L’islam est-il soluble dans la République? Alain Gresh, auteur de L’islam, la République et le monde (Fayard), traduit en arabe, et fondateur du site contre-attaques.org, revient sur cette actualité, à la veille du Salon du livre, où il est attendu.
Votre livre reste brûlant d’actualité, alors que le «spectre de l’islam» s’invite dans la campagne présidentielle en France…
Il y a une surenchère sur l’islam, de la part des médias et des politiques, notamment à droite. Le comble du ridicule a été atteint avec l’histoire du burkini.
Ceci dit, je ne pense pas que cette agitation reflète ce que pensent les Français, dont la préoccupation essentielle reste le chômage. Les médias portent une responsabilité énorme, de par les mots qu’ils emploient, à la va-vite, sans en comprendre le sens, comme Charia, fatwa, etc.
Les attentats en France ont favorisé ce climat de suspicion envers les musulmans…
Bien sûr, les attentats ont favorisé cela. Mais quand on étudie le profil du tueur de Nice, on voit bien qu’il s’agit d’un pseudo-islamiste. Depuis la guerre en Irak et les discours de George W. Bush, on a voulu faire croire que nous sommes dans une guerre mondiale qui sera longue et que les groupes comme al-Qaïda ou Daech nous haïssent à cause de ce que nous sommes. C’est le comble de l’absurde. Cela crée un climat anxiogène.
Quels sont les risques de cette islamophobie latente?
Celui de donner aux musulmans l’impression qu’ils ne sont pas français et, quelque part, de les jeter dans les bras d’extrémistes. Surtout que les premières victimes d’agressions islamophobes sont les femmes. Elles savent, si elles sont voilées, qu’elles ne trouveront pas de travail, en tout cas, pas en dehors de l’économie islamique.
Votre livre interroge la place de l’islam dans la République. Quelle réponse donnez-vous aujourd’hui?
Il faut d’abord savoir que l’écrasante majorité des musulmans appliquent les lois de la République. La laïcité, ce sont des lois, celles de 1905, qu’il suffit d’appliquer.
La gauche semble confrontée à un malaise profond sur ce sujet. Pourquoi?

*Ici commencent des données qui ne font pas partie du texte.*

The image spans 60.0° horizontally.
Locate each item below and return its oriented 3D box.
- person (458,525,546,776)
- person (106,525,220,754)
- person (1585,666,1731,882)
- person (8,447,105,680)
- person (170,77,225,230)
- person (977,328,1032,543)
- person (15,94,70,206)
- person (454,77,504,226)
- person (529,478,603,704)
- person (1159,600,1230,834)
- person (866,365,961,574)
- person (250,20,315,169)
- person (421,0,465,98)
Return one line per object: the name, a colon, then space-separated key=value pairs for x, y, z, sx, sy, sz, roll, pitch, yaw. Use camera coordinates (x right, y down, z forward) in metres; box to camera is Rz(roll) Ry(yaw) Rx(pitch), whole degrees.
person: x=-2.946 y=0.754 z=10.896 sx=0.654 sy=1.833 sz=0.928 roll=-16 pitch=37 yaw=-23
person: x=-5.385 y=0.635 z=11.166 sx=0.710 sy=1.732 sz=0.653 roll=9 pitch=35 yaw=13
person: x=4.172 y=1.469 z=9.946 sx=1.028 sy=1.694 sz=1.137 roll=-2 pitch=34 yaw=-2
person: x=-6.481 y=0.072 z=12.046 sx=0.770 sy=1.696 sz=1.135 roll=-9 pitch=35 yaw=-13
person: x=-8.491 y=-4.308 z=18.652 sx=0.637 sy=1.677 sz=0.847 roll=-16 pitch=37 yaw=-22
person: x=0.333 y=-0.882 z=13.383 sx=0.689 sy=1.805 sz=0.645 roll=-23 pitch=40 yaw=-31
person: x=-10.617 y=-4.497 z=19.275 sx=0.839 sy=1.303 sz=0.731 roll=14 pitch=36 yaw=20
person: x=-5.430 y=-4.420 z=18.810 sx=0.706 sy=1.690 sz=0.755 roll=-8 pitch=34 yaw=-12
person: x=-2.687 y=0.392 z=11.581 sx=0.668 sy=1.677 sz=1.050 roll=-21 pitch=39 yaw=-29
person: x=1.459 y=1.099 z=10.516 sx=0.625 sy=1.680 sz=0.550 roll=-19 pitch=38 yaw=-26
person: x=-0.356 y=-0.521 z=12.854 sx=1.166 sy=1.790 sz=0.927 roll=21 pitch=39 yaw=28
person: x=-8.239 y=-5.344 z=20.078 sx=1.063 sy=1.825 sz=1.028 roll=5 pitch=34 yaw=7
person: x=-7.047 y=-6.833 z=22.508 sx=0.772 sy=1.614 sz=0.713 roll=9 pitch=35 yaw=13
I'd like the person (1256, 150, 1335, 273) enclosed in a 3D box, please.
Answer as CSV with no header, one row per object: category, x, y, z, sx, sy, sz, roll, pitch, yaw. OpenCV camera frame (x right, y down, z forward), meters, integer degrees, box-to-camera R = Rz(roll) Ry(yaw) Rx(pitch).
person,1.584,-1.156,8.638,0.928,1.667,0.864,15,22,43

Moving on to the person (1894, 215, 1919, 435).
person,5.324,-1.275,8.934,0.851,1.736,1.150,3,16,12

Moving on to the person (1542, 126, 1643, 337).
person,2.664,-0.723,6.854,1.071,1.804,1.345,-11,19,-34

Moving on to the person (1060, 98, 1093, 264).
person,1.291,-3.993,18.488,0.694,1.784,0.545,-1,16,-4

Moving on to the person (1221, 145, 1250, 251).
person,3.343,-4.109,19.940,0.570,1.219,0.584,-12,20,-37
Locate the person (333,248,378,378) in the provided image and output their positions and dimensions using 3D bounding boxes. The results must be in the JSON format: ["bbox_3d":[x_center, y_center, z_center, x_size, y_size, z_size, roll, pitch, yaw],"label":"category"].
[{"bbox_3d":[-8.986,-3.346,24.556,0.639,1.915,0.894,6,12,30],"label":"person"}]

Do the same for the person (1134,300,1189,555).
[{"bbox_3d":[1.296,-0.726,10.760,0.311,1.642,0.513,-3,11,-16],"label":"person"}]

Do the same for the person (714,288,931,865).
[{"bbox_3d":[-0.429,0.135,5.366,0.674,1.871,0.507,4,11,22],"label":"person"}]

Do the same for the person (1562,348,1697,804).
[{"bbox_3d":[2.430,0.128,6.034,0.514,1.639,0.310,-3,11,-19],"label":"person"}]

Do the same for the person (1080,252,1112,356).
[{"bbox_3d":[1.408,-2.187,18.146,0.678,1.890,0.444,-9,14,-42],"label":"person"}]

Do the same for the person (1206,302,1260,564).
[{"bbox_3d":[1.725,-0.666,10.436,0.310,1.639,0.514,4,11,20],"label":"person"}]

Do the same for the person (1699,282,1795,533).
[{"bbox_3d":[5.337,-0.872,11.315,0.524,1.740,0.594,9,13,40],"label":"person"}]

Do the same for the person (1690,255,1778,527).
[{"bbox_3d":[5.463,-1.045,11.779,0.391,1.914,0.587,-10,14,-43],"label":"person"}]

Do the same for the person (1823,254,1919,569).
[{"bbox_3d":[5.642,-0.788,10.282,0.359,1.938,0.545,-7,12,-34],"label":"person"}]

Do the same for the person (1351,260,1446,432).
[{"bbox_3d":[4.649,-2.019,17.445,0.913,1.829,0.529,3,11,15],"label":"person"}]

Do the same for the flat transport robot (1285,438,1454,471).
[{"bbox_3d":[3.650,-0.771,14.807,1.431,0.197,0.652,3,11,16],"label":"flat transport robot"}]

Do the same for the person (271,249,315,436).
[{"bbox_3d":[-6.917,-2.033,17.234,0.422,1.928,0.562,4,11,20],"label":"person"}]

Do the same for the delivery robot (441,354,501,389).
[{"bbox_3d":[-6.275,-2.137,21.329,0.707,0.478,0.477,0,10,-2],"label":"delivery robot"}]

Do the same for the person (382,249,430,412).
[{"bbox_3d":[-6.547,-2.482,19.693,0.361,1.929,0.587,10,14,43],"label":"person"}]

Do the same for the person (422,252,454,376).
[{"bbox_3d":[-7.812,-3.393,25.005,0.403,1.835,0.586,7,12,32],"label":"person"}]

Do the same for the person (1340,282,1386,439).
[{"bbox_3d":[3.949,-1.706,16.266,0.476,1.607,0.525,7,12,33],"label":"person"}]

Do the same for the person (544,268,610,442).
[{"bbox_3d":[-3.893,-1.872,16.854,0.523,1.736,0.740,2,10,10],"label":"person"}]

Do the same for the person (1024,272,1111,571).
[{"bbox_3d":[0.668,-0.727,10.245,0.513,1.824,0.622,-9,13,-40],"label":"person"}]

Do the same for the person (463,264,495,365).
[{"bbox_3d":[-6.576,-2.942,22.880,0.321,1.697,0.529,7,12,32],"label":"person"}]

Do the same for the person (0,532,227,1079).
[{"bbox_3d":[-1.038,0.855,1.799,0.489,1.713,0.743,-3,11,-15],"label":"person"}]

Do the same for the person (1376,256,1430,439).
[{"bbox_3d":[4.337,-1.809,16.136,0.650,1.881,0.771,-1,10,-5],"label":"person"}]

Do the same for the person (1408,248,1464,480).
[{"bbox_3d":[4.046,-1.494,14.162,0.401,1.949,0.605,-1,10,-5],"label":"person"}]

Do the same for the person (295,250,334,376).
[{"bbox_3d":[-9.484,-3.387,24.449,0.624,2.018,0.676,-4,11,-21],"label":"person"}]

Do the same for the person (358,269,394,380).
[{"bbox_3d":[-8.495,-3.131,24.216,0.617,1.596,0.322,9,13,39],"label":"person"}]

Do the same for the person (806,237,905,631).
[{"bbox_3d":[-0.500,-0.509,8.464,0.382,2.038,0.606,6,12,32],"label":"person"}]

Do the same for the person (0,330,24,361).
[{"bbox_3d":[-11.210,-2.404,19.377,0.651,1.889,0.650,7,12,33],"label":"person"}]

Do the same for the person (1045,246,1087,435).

On a vu les candidats de droite très actifs là-dessus, Marine Le Pen n’étant pas, étonnamment, la plus hystérique sur le sujet. A gauche, on ne mène plus le combat, on a capitulé. Les dernières déclarations de François Hollande, notamment sur les réfugiés et les musulmans, tiennent du délire, alors que la France a accueilli très peu de réfugiés par rapport à l’Allemagne par exemple. Le plus délirant à ce sujet restant Manuel Valls, clairement.
Pourquoi ce débat est-il si haineux en France?
Notre pays a une histoire différente des autres avec son immigration. La guerre d’Algérie continue de peser sur les consciences. Il y a eu beaucoup de vagues d’immigration, italienne, polonaise, portugaise, etc., qui ont toutes provoqué un certain racisme à l’époque. Racisme qui a pu être surmonté via des combats communs de personnes qui partageaient les mêmes intérêts socioéconomiques.